From the single-shot values we build a datapoint as follows:

$$A_i=\frac{{\displaystyle \sum _{j=\mathrm{gas}}}{a}_j}{{\displaystyle \sum _{j=\mathrm{gas}}}{\left(I{0}_j\right)}^p}-\frac{{\displaystyle \sum _{j=\mathrm{blank}}}{a}_j}{{\displaystyle \sum _{j=\mathrm{blank}}}{\left(I{0}_j\right)}^p}$$

(9)

with the new index i labelling sets of nominally identical measurements at a series of pump-probe delays $d_i$. ${\tilde{A}}_i$ is the analogue of $A_i$ with UV off. We consider equally spaced delays, so $d_i=\Delta t\times i(i=0..n)$. Let us note that single-shot data can be excluded from the sum by applying in post-analysis suitable filter conditions (e.g., a threshold on $I0$, or on the quality of the FEL spectrum); for this reason the number of single-shots aggregated into a datapoint is not strictly constant. For each i we define the quantity $S_i=A_i/{\tilde{A}}_i-1$: this is the base datapoint of a delay scan (Figure 4). The integer p in Equation (9) is the normalization order; for the data presented in Ref. [1] we chose $p=0$, i.e., no normalization. Let us also note that the intensity of the UV pulse was kept constant and is very stable, so it does not appear in the data processing. Let us finally note that at negative delays, and large positive delays we expect the UV to have no effect, i.e., $S_i=0$.
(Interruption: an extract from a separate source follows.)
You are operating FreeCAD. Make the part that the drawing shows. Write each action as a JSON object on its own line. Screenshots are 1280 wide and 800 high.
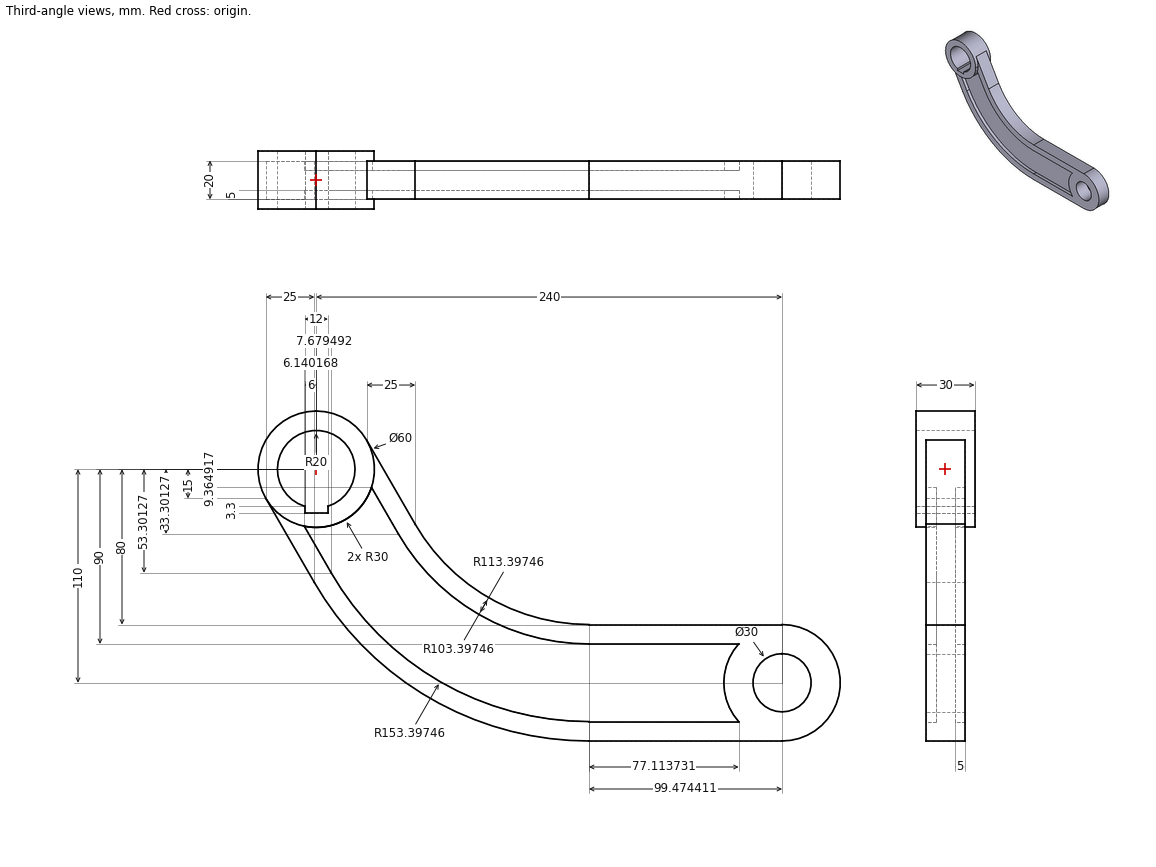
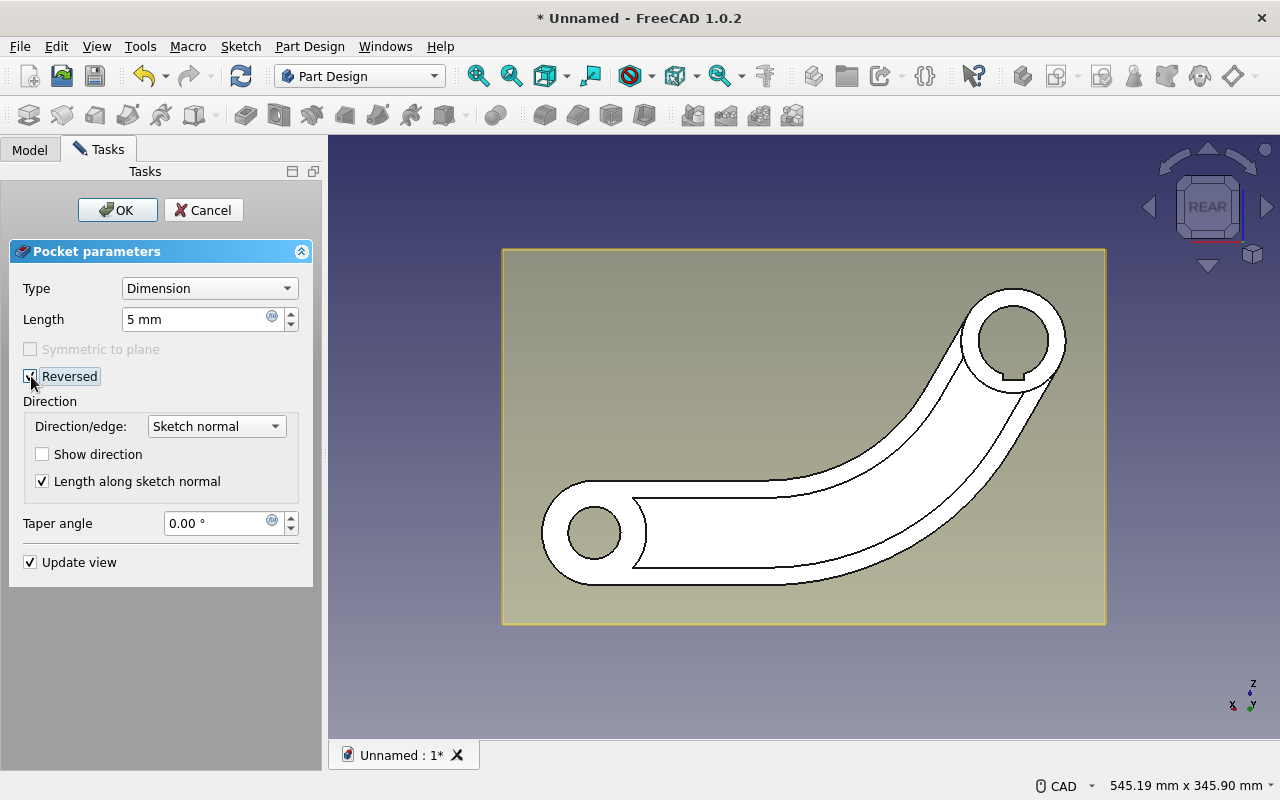
{"action": "left_click", "coordinate": [118, 210]}

Figure 4. Schematic representation of the generation of a delay scan $\left\{S_i\right\}$, as a function of pump-probe delay $\left\{d_i\right\}$ from single-shot data $a_j$. The green (red) dots symbolize shots that pass (fail) the filter conditions.
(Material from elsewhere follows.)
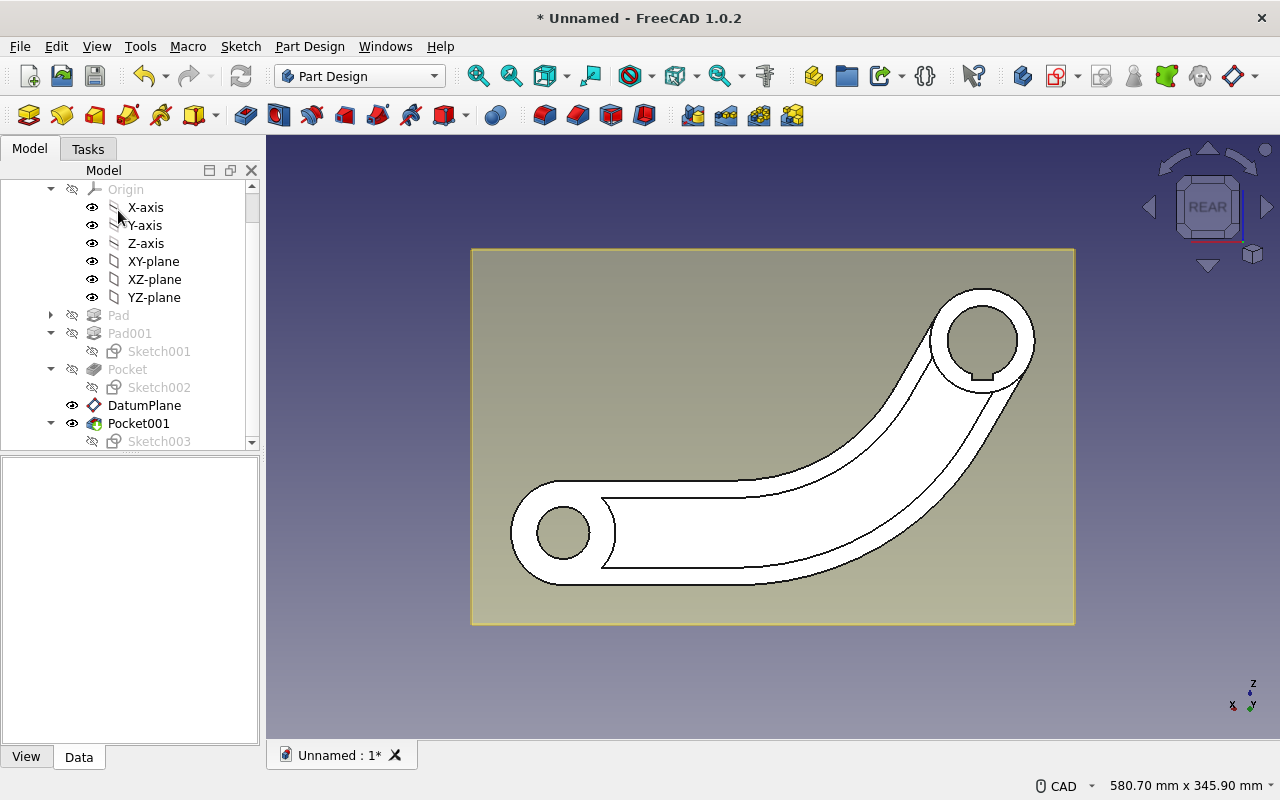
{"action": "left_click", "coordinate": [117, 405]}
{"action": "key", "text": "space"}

Figure 4. Schematic representation of the generation of a delay scan $\left\{S_i\right\}$, as a function of pump-probe delay $\left\{d_i\right\}$ from single-shot data $a_j$. The green (red) dots symbolize shots that pass (fail) the filter conditions.

5. Conclusions

Although rather simple, the method proposed has many advantages and applications. It provides a quick and reliable method to evaluate the quality of a measurement in real time, even when the shape of the expected signal is unknown. In fact, in the approximation of white noise, and of an unstructured pump-probe signal, it provides a first coarse estimate of the signal shape, and thus of the delay range that needs to be scanned. In post-analysis it provides an unbiased criterion to include each scan in an averaged measurement.